Employing as a point of departure a notion of “difficult knowledge” as that which challenges or disrupts anticipated experience (and thus potentially induces transformations in understanding or subjectivity), and considering “curation” in its deeper meaning of “taking care of,” this conference provided a venue in which to grapple with these questions as they arise in theory and practice.

The Centre for Ethnographic Research and Exhibition in the Aftermath of Violence at Concordia University hosted its first international conference in April 2009, co-sponsored by the Canada Research Chairs in Post-Conflict Studies and Latin American History. Keynote speakers included Prof. Roger Simon, Faculty Director of the University of Toronto’s Centre for Media and Culture in Education and Director of the Testimony and Historical Memory Project at the Ontario Institute for Studies in Education.

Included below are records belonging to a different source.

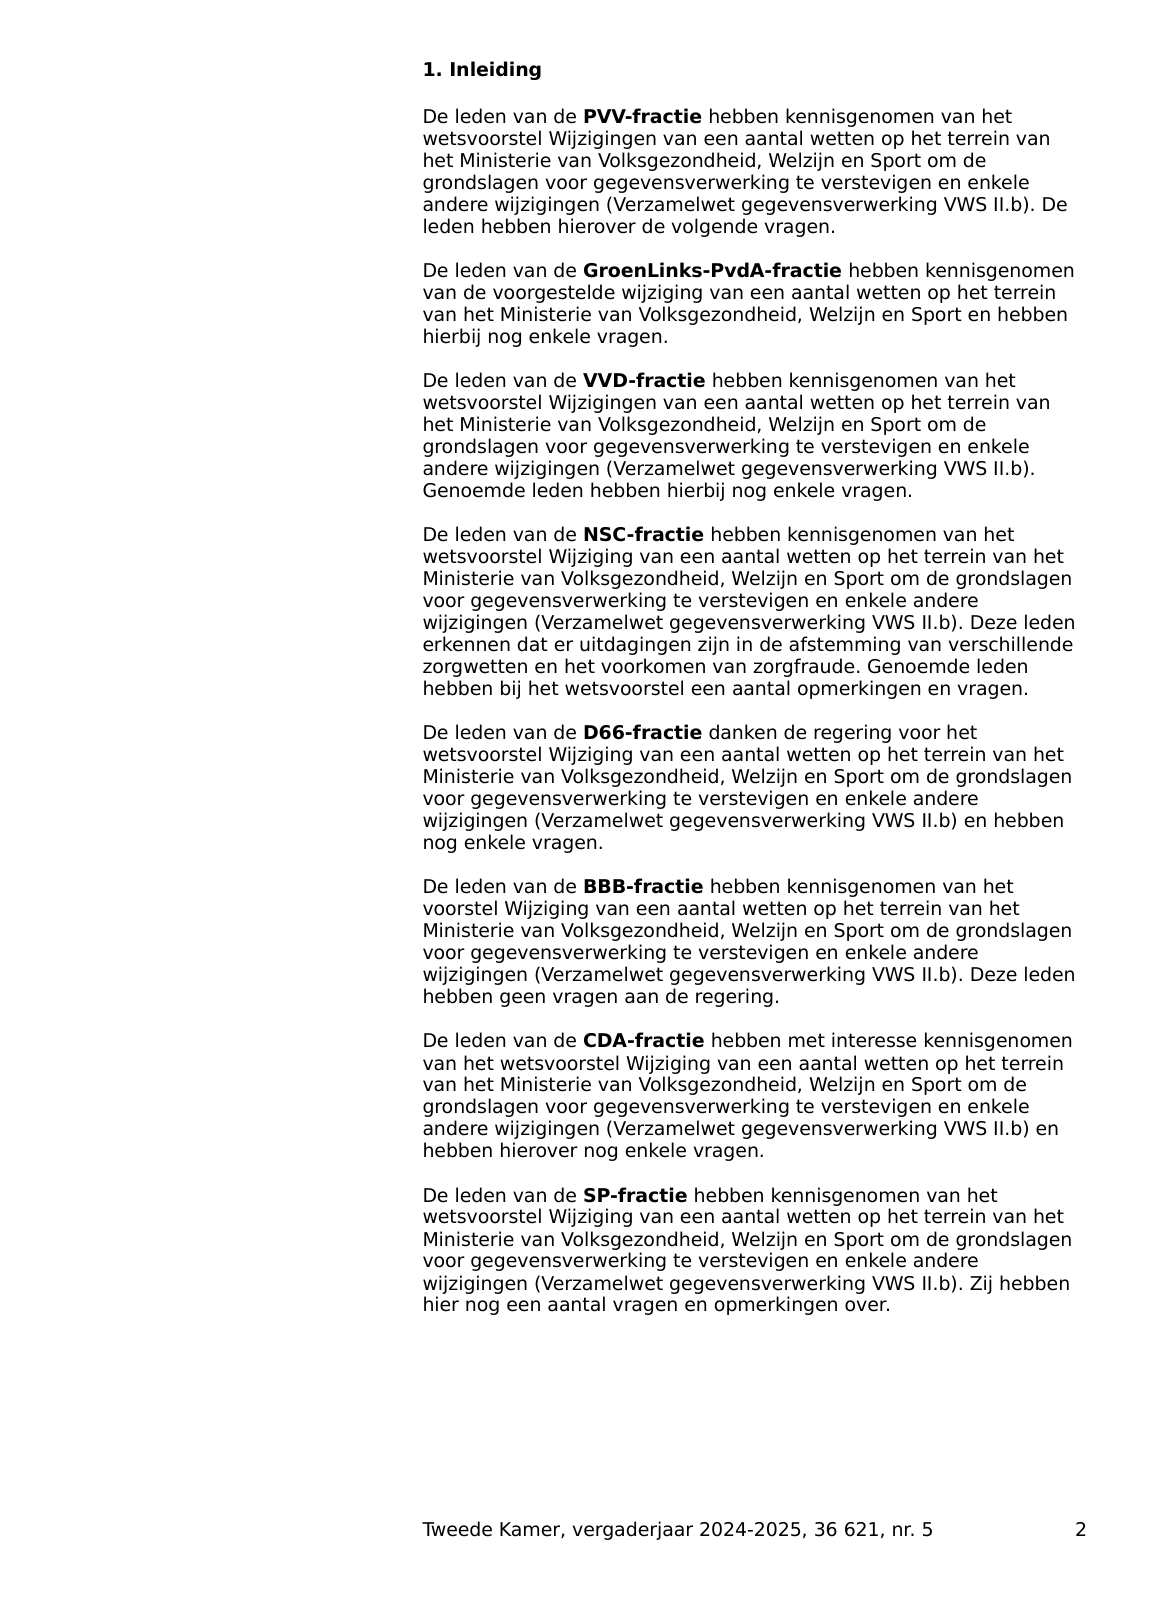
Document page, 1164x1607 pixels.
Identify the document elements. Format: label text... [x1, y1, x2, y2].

subtitle 1. Inleiding [422, 59, 1087, 81]
text De leden van de SP-fractie hebben kennisgenomen van het wetsvoorstel Wijziging van een aantal wetten op het terrein van het Ministerie van Volksgezondheid, Welzijn en Sport om de grondslagen voor gegevensverwerking te verstevigen en enkele andere wijzigingen (Verzamelwet gegevensverwerking VWS II.b). Zij hebben hier nog een aantal vragen en opmerkingen over. [422, 1184, 1087, 1316]
text De leden van de D66-fractie danken de regering voor het wetsvoorstel Wijziging van een aantal wetten op het terrein van het Ministerie van Volksgezondheid, Welzijn en Sport om de grondslagen voor gegevensverwerking te verstevigen en enkele andere wijzigingen (Verzamelwet gegevensverwerking VWS II.b) en hebben nog enkele vragen. [422, 722, 1087, 854]
text De leden van de GroenLinks-PvdA-fractie hebben kennisgenomen van de voorgestelde wijziging van een aantal wetten op het terrein van het Ministerie van Volksgezondheid, Welzijn en Sport en hebben hierbij nog enkele vragen. [422, 260, 1087, 348]
text De leden van de NSC-fractie hebben kennisgenomen van het wetsvoorstel Wijziging van een aantal wetten op het terrein van het Ministerie van Volksgezondheid, Welzijn en Sport om de grondslagen voor gegevensverwerking te verstevigen en enkele andere wijzigingen (Verzamelwet gegevensverwerking VWS II.b). Deze leden erkennen dat er uitdagingen zijn in de afstemming van verschillende zorgwetten en het voorkomen van zorgfraude. Genoemde leden hebben bij het wetsvoorstel een aantal opmerkingen en vragen. [422, 524, 1087, 700]
text De leden van de PVV-fractie hebben kennisgenomen van het wetsvoorstel Wijzigingen van een aantal wetten op het terrein van het Ministerie van Volksgezondheid, Welzijn en Sport om de grondslagen voor gegevensverwerking te verstevigen en enkele andere wijzigingen (Verzamelwet gegevensverwerking VWS II.b). De leden hebben hierover de volgende vragen. [422, 106, 1087, 238]
text De leden van de BBB-fractie hebben kennisgenomen van het voorstel Wijziging van een aantal wetten op het terrein van het Ministerie van Volksgezondheid, Welzijn en Sport om de grondslagen voor gegevensverwerking te verstevigen en enkele andere wijzigingen (Verzamelwet gegevensverwerking VWS II.b). Deze leden hebben geen vragen aan de regering. [422, 876, 1087, 1008]
text De leden van de VVD-fractie hebben kennisgenomen van het wetsvoorstel Wijzigingen van een aantal wetten op het terrein van het Ministerie van Volksgezondheid, Welzijn en Sport om de grondslagen voor gegevensverwerking te verstevigen en enkele andere wijzigingen (Verzamelwet gegevensverwerking VWS II.b). Genoemde leden hebben hierbij nog enkele vragen. [422, 370, 1087, 502]
text De leden van de CDA-fractie hebben met interesse kennisgenomen van het wetsvoorstel Wijziging van een aantal wetten op het terrein van het Ministerie van Volksgezondheid, Welzijn en Sport om de grondslagen voor gegevensverwerking te verstevigen en enkele andere wijzigingen (Verzamelwet gegevensverwerking VWS II.b) en hebben hierover nog enkele vragen. [422, 1030, 1087, 1162]
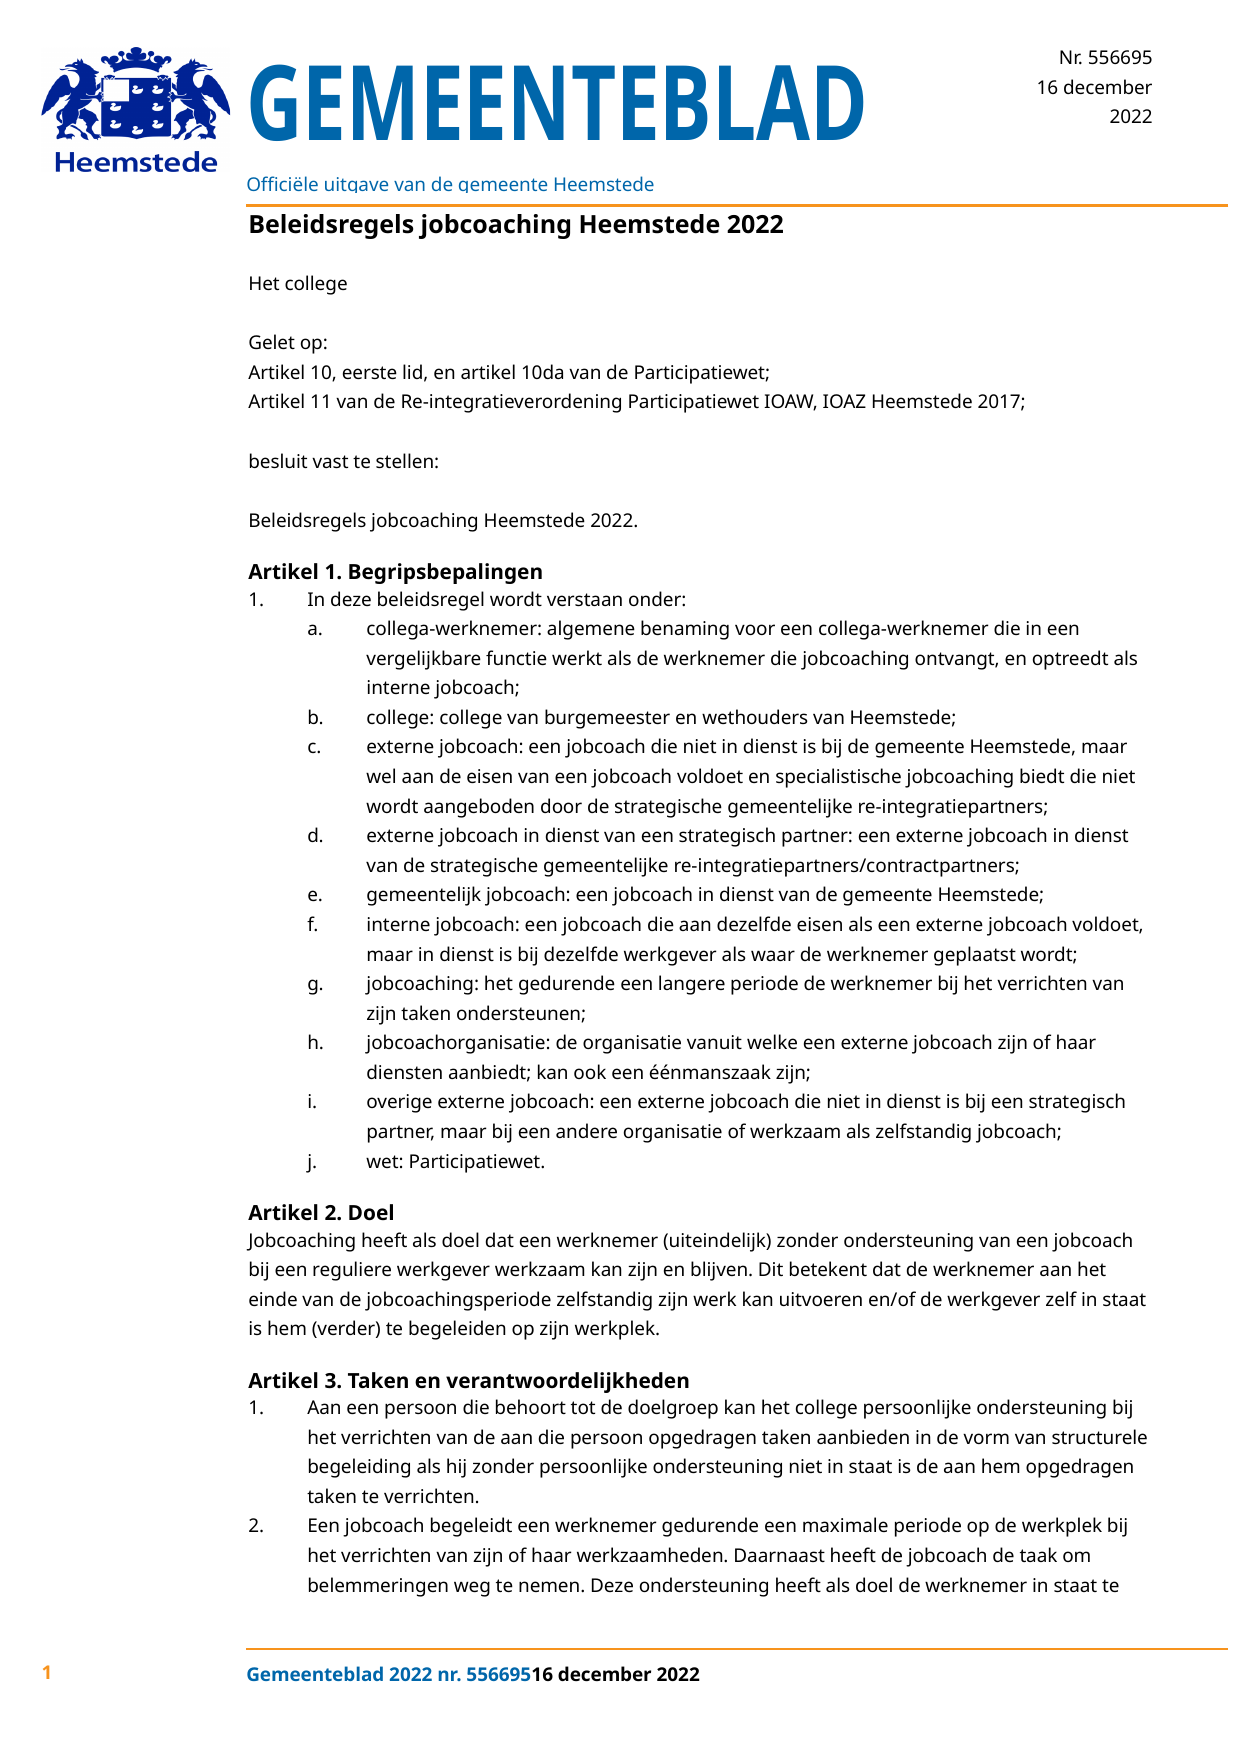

Specific aims of the conference were:

• To engage an emerging body of interdisciplinary scholarship and practice around representing and conveying experiences and meanings of historical suffering and injustice;

• To envision and critique innovative attempts at public knowledge production and transmission about post-conflict experience;

• To reflect on the creation of public spaces for the discussion of past violence as part of community and nation-state recognition of the past for future generations. We especially encourage participation by scholars, curators, artists, activists and other practitioners who are engaging with these questions in the context of museums, memorials, and “sites of conscience.” Our goal is to bring together individuals who are engaged in experimental curatorial work in the aftermath of violence with researchers undertaking fine-grained reporting on and analysis of such work.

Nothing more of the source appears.